A light broth is made by simmering beef brisket with onions, garlic, and scallions until the meat is very tender. It is then seasoned with soup soy sauce (more on this below) and salt.

The brisket is shredded and seasoned with garlic, sesame oil, salt, and pepper. Right before serving the soup, the rice cakes are briefly simmered in the broth until softened but still chewy.

The soup is then garnished with the seasoned brisket, julienned egg omelet, chopped scallions, and thin strips of roasted seasoned seaweed.

Ingredients for Rice Cake Soup

I cook Korean food on a semi-regular basis, so I stock up on ingredients when I go to the Korean market. I buy a couple of bags of fresh rice cakes to store in my freezer. The soup soy sauce will last forever in your pantry and even longer in the fridge.

  • Rice cakes: Rice cakes, called tteok or dduk, can be found in the refrigerated or frozen foods section of well-stocked Asian markets.

Frozen rice cakes should be soaked in cold water for about 20 minutes before adding them to the broth. Note that if soaked for too long, they may begin to crack. If the refrigerated ones aren’t pliable, you’ll want to give them a soak too.

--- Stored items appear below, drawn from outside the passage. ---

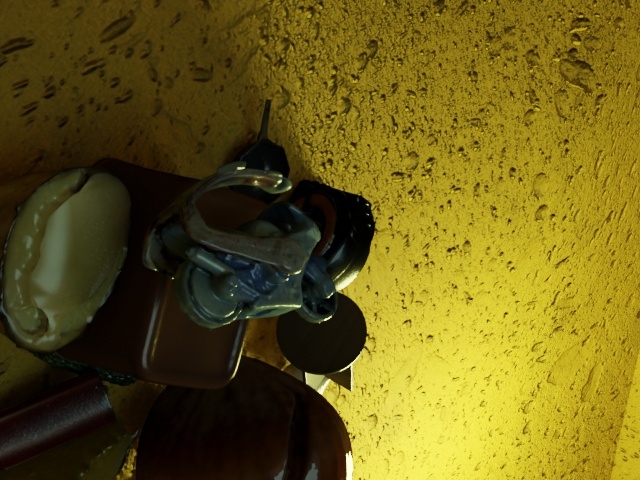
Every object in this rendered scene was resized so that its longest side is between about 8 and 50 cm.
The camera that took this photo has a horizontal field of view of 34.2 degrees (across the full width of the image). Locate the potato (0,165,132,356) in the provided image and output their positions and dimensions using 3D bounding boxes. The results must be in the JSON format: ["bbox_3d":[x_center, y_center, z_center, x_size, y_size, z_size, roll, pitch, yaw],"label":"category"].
[{"bbox_3d":[-0.427,0.011,1.549,0.242,0.242,0.286,10,96,-48],"label":"potato"}]

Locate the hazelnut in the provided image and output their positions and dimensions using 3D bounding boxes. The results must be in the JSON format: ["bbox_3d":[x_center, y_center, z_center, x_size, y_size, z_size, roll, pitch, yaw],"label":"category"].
[{"bbox_3d":[-0.146,0.397,1.902,0.359,0.409,0.359,-11,90,-67],"label":"hazelnut"}]

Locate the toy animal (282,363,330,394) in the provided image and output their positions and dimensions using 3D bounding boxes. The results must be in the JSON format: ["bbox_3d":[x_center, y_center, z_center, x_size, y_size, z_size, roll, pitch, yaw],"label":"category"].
[{"bbox_3d":[-0.007,0.201,2.164,0.130,0.103,0.221,-2,112,-44],"label":"toy animal"}]

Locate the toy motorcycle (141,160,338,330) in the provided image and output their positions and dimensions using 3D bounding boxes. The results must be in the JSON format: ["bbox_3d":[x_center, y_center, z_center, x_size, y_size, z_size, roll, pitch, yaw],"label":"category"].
[{"bbox_3d":[-0.093,0.007,1.547,0.319,0.182,0.241,1,97,-47],"label":"toy motorcycle"}]

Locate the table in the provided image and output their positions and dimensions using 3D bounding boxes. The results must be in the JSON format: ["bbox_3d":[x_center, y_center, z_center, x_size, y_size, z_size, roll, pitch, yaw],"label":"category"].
[{"bbox_3d":[0.005,0.216,1.989,0.167,0.167,0.227,-44,159,-20],"label":"table"}]

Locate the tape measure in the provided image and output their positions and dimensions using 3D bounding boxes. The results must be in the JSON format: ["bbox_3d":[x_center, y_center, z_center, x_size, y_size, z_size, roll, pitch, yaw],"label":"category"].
[{"bbox_3d":[0.000,0.000,1.992,0.135,0.202,0.223,37,78,-44],"label":"tape measure"}]

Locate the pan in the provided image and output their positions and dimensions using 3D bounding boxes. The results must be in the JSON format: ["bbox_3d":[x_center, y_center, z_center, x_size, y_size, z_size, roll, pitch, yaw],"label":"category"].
[{"bbox_3d":[-0.106,-0.158,1.912,0.128,0.048,0.202,13,103,-49],"label":"pan"}]

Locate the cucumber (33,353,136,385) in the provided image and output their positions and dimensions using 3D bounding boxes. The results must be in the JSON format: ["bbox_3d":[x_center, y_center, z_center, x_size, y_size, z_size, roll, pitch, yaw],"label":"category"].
[{"bbox_3d":[-0.404,0.195,1.782,0.265,0.077,0.077,25,92,-47],"label":"cucumber"}]

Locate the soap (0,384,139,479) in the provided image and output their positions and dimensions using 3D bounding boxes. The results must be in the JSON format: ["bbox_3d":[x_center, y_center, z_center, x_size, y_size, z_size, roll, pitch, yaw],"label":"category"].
[{"bbox_3d":[-0.492,0.399,1.727,0.304,0.169,0.339,18,97,-59],"label":"soap"}]

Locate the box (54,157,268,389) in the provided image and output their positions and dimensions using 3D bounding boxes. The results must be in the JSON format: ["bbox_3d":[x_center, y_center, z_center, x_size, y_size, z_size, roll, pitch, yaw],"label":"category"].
[{"bbox_3d":[-0.252,0.060,1.693,0.239,0.229,0.340,17,86,-49],"label":"box"}]

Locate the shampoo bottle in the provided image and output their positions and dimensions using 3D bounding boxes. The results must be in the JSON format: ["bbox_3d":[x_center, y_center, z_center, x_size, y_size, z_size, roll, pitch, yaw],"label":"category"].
[{"bbox_3d":[-0.475,0.309,1.720,0.260,0.064,0.102,-23,107,-15],"label":"shampoo bottle"}]
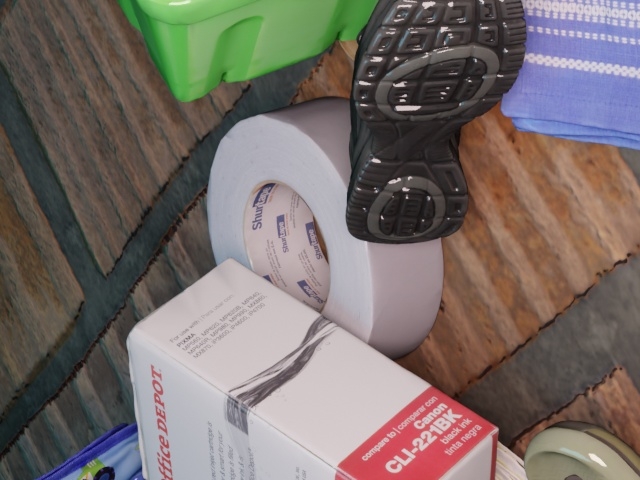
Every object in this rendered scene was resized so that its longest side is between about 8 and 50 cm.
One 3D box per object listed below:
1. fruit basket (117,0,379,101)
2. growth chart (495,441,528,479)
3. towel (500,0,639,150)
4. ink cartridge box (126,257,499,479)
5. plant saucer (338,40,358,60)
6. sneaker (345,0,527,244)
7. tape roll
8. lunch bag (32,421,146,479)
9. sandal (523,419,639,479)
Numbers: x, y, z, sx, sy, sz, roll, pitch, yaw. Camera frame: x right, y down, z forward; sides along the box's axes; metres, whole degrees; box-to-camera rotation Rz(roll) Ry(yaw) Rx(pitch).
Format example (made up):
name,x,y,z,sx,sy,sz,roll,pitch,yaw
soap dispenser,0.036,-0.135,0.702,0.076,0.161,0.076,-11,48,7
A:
name,x,y,z,sx,sy,sz,roll,pitch,yaw
fruit basket,-0.063,-0.334,1.222,0.392,0.283,0.392,54,157,36
growth chart,0.158,0.240,1.365,0.237,0.021,0.172,34,132,44
towel,0.189,-0.216,1.097,0.243,0.040,0.336,16,117,50
ink cartridge box,-0.008,0.167,1.376,0.273,0.114,0.197,31,142,29
plant saucer,0.037,-0.170,1.352,0.083,0.015,0.083,27,125,46
sneaker,0.062,-0.118,1.229,0.286,0.109,0.130,108,161,-54
tape roll,0.000,0.000,1.433,0.219,0.072,0.219,29,128,45
lunch bag,-0.168,0.261,1.591,0.138,0.293,0.221,53,141,26
sandal,0.223,0.259,1.194,0.303,0.086,0.120,51,141,5

You may be able to find fresh rice cakes, sold loosely packed in plastic bags in the fresh prepared food section at well-stocked Korean markets–there’s no need to soak these. Dried versions exist and can be bought online but they’re usually not great quality.

Roasted seasoned seaweed: These are the same ones you often find in small packets at the supermarket, labeled as roasted seaweed snacks. In Korean markets, they’re sold in similar small packets or as larger sheets, the same size as the nori sheets used to make sushi. If purchasing the large sheets, be sure they are the roasted variety.

I prefer the smaller packets because they’re single-portioned—no need to worry about the unused portion getting stale. You can thinly slice the seaweed into 1/8-inch strips with a sharp knife on a cutting board or cut them directly over the bowl of soup with a pair of scissors.

You can even tear or crush the seaweed with your hands.

Soup Soy Sauce: Soup soy sauce, guk ganjang, is the residual liquid from making doenjang, a fermented soybean paste. It is a Korean soy sauce that is used in soups in lieu of regular soy sauce, which is also widely used in other Korean dishes. Soup soy sauce is lighter in color, saltier, and has more umami than regular soy sauce.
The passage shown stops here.